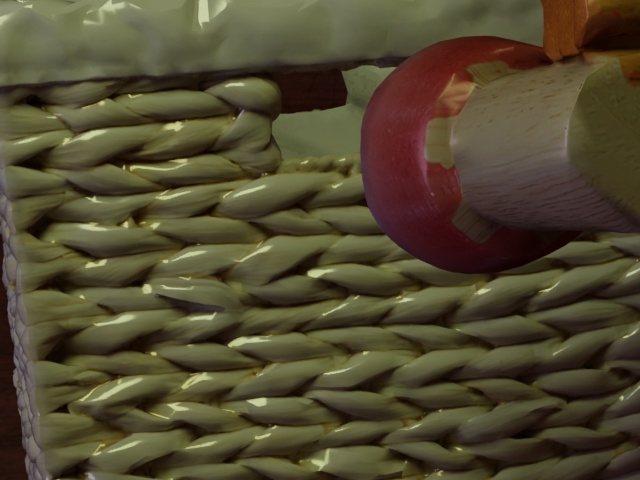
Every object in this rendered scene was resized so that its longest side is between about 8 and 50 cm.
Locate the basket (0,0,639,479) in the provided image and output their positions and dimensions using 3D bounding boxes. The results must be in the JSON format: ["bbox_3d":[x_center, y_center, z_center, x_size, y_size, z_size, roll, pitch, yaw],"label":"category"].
[{"bbox_3d":[0.000,0.000,0.945,0.331,0.328,0.266,-142,48,-76],"label":"basket"}]

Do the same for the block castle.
[{"bbox_3d":[0.242,-0.132,0.702,0.213,0.453,0.303,-178,87,-74],"label":"block castle"}]

━━━━━━

The expected output is the full material above, word for word, without pictures.

Every object in this rendered scene was resized so that its longest side is between about 8 and 50 cm.
Locate the basket (0,0,639,479) in the provided image and output their positions and dimensions using 3D bounding boxes. The results must be in the JSON format: ["bbox_3d":[x_center, y_center, z_center, x_size, y_size, z_size, roll, pitch, yaw],"label":"category"].
[{"bbox_3d":[0.000,0.000,0.945,0.331,0.328,0.266,-142,48,-76],"label":"basket"}]

Do the same for the block castle.
[{"bbox_3d":[0.242,-0.132,0.702,0.213,0.453,0.303,-178,87,-74],"label":"block castle"}]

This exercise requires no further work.